Title: New Fracture Characterization Methods
Speaker: Stephen Laubach, Bureau of Economic Geology, University of Texas at Austin
Date: July 20, 2001
Publication: The Outcrop, July 2001, p. 4-5
Ongoing research is aimed at enhancing exploration and production for fractured reservoirs by development and integration of emerging and existing technologies for the observation, prediction, and fluid-flow modeling of natural fractures. Macroscopic fractures produce the largest impact on fluid flow through fractured rock; however they are orders of magnitude less abundant than microscopic fractures. Macro-fractures in subsurface reservoirs typically are poorly represented by data acquired with conventional techniques. Due to the abundance of microfractures, they can be well studied even in small samples from the subsurface. We are exploring the hypotheses that micro- and macro-fractures are different size fractions of the same fracture sets, and that microfractures can be used to predict the critical characteristics (in terms of fluid flow) of associated macro-fractures.
Previously invisible microfractures are readily observed and characterized when their cathodoluminescence is imaged using scanning electron microscopy. This facilitates determination of the orientations, timing (relative to diagenetic events), and sizes of the numerous microfractures typically present in prospective fractured reservoirs. These observations may be made systematically on a bed-by-bed basis. Orientations and timing of microfractures commonly compare favorably with those of associated conductive macro-fractures.
Microfractures are sufficiently abundant in the numerous fractured units we have studied that the size distributions can be readily quantified. Under special circumstances, the sizes (i.e., mechanical apertures and/or lengths) of both micro- and macro-fractures can be reliably measured in the same fractured rock volume. The spatial frequency of fractures, as a function of fracture size, follows power-law distributions over at least 4 to 5 orders of magnitude in these cases. This confirms that microfracture sizes can be used to quantitatively predict spatial frequencies of associated macro-fractures.

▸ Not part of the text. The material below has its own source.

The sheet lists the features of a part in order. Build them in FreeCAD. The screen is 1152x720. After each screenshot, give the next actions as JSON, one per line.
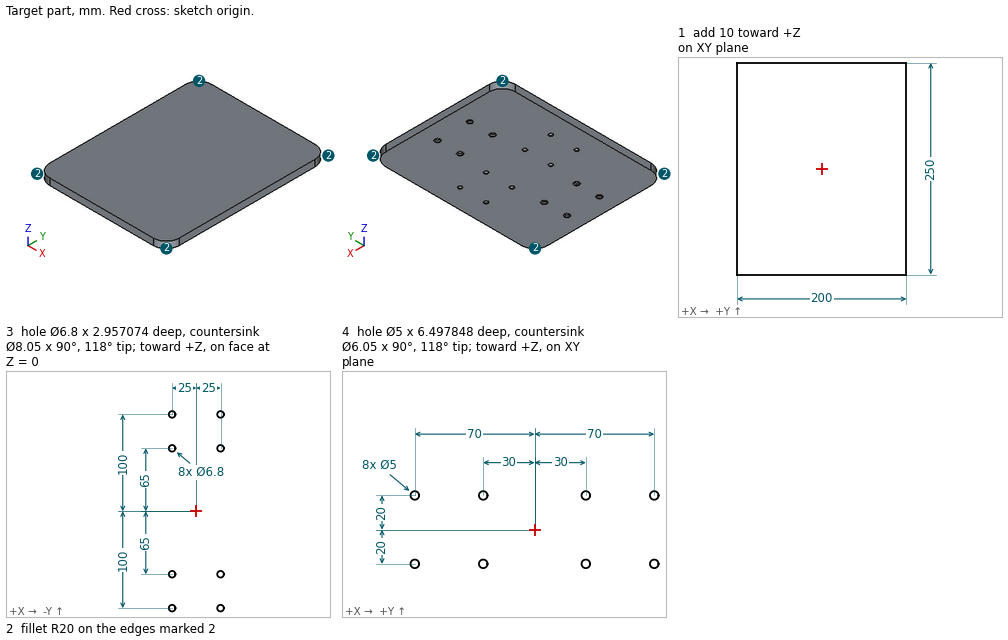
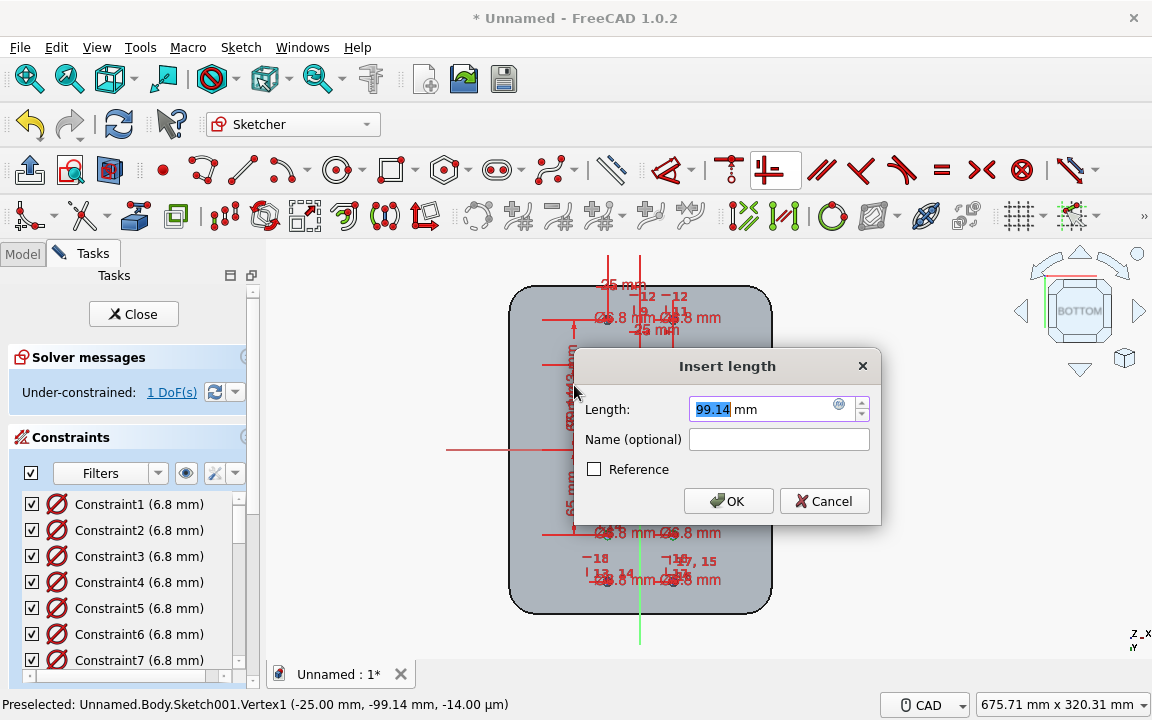
{"action": "type", "text": "100"}
{"action": "key", "text": "Return"}

The orientations, time of formation relative to diagenetic minerals, and sizes of macro-fractures are the most important factors for understanding fluid flow in fractured rock. Although discrete-fracture modeling provides the most realistic portrayal of fluid flow through fractured rock, this technique is computationally infeasible for simulation of the large volumes in a fractured hydrocarbon field. Dual-porosity simulation is the dominant technique for this reason. We are developing a blended approach to simulation that is both cost effective and grounded on local fracture observation.

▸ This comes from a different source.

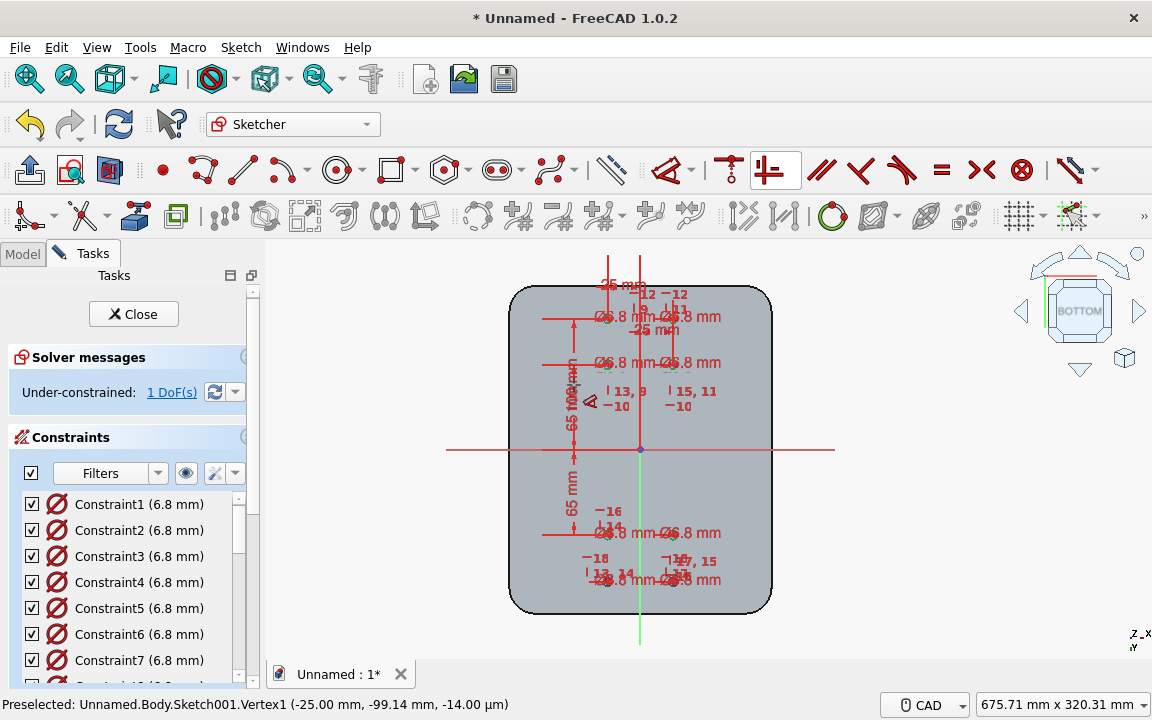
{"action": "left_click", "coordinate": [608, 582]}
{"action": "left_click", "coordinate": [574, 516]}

On a bed-by-bed basis, microfracture observations are used to make statistical predictions of the key macro-fracture attributes. From these predictions, multiple discrete-fracture models are generated for each bed, representing volumes comparable to those of the cells in dual-porosity simulations. Fluid-flow simulations in the discrete-fracture models provide a quantitative, observation-based understanding of the fluid-flow characteristics and spatial heterogeneity for each bed. These results can then be used to construct a dual-porosity simulation for large regions in the subsurface. Quantitative testing of this approach with subsurface flow data is ongoing.
Examples will be provided of application of this method to oil and gas fields in carbonates and sandstones.